I don’t know about you, but energy balls are just the best to have on hand when life is crazy. Easy to throw together, keep for a long time (especially in the freezer), and are just so dang good.
Most energy ball recipes call for a food processor, but I went the easy route and just used my stand mixer since it’s always on the counter. You can totally mix by hand though!
They combine peanut butter and chocolate and taste like a decadent treat while also being good for you! My dad tried them while we was visiting and approved and he’s a huge sweet lover.
Little did he know they were made of peanut butter, rolled oats, protein powder, and maple syrup. And each one packs 5.5 grams of protein!
How to Make Protein Balls
The beauty of protein balls is they are so customizable! You can make countless flavors or add whatever mix-ins you like depending on what you have on hand. Here are the basics of what you need:
- dried fruit – not necessary, but does help bind all the ingredients together. Some of my favorites are dates, raisins, and dried blueberries. Using dried fruit will require a food processor so you can break it down and it becomes sticky. Not all energy balls need dried fruit though (these ones don’t!) – if you have something else sticky (like nut butter or jam)
- nuts or nut butter – nut butter (peanut, almond, coconut, cashew, pecan…) also help bind energy balls together, especially if not using dried fruit. Whole nuts can be broken down in your food processor and help balance out sticky dried fruit.
- liquid sweetener – I love maple syrup or honey if you need to add some sweetness, and it also helps hold them together.

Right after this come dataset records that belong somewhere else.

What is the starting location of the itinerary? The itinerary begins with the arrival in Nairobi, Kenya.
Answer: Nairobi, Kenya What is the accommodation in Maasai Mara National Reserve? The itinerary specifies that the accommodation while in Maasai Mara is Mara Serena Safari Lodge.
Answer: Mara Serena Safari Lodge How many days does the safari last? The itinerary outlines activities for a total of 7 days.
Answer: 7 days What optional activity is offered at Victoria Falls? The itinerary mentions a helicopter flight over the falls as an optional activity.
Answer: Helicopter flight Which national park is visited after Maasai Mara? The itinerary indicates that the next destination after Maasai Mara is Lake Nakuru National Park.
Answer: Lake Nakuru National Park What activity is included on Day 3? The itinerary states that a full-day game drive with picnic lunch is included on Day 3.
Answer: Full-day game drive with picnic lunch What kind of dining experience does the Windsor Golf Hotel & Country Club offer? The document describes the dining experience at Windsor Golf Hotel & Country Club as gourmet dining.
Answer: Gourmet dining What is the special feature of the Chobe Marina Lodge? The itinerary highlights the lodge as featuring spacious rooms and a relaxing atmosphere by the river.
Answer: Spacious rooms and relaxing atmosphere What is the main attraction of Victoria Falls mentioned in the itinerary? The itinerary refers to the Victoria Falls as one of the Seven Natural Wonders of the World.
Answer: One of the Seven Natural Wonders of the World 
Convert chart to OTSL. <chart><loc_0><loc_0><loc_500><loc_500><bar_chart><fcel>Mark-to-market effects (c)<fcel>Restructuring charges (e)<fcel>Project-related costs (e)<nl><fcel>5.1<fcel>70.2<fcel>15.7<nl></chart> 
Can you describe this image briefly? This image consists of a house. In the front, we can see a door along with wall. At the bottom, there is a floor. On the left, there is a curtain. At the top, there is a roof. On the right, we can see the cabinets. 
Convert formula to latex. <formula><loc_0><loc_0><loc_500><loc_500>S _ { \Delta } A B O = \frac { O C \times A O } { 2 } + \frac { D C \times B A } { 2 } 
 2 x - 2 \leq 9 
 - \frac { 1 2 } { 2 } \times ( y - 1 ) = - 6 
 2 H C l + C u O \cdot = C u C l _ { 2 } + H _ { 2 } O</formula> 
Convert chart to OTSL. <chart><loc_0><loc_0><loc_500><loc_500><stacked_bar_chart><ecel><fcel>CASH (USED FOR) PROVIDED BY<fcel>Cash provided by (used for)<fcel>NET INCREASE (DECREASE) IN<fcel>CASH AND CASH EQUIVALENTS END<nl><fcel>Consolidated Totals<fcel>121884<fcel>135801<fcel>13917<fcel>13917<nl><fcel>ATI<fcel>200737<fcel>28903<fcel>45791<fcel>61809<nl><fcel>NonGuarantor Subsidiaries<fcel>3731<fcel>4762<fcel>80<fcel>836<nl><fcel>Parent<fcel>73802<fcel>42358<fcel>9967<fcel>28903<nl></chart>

- spices – an easy way to add some flavor! Some of my favorites are cinnamon, pumpkin pie spice, and cardamom.
- protein powder – you can either add in your favorite protein powder for an extra protein boost or let them naturally be protein packed depending on the other ingredients you use (nuts, seeds…).
- add-ins – rolled oats, protein powder (mentioned above), pumpkin puree, chocolate chips, shredded coconut, cacao powder, cacao nib, hemp seeds, and chia seeds are all great additions!
No Bake Chocolate Peanut Butter Protein Balls
These no bake energy balls are super easy to make – only 4 ingredients and everything is mixed together in one bowl! No food processor needed either! They work great for snacking, breakfast, or dessert! Here is what you need:
- natural peanut butter – I love crunchy!
- rolled oats
- protein powder – I used Ka’Chava Chocolate << you can use that link for 15% off!
- maple syrup
- salt – optional for topping
First, add all your ingredients to the bowl of your stand mixer with the paddle attached. Next, turn on mixer and mix until combined and a batter forms, about 1 minute. Then form them into energy balls! I use a tablespoon as a scoop to make them uniform in size.
Sprinkle with some flaky salt if you are feeling fancy (sweet and salty is so good!) and that’s it. It’s really that simple! I like to store them in the fridge, but they can be keep out on the counter for a week, or you can even put them in the freezer!
If you don’t have a stand mixer, you can mix it by hand. It takes a little more elbow grease, but works the same (I’ve done both). You can also try a food processor, but it might blend the oats instead of keeping them whole.
Substitutions for Chocolate Peanut Butter Protein Balls
These energy balls are pretty straight to the point with only 4 ingredients, but here are a few things that might work when substituting:
- nut butter – if you don’t like peanut butter, any nut butter will work! You can also use sunflower seed butter if you can’t have nuts.
- sweetener – feel free to use honey instead of maple syrup!
- protein powder – I used a plant based protein powder, but think most kinds will work. You might just have to adjust the ratio depending on the texture of your protein (mine is thicker, almost like a flour). I like using chocolate since chocolate and peanut butter together is the best, but you could also use vanilla to switch it up!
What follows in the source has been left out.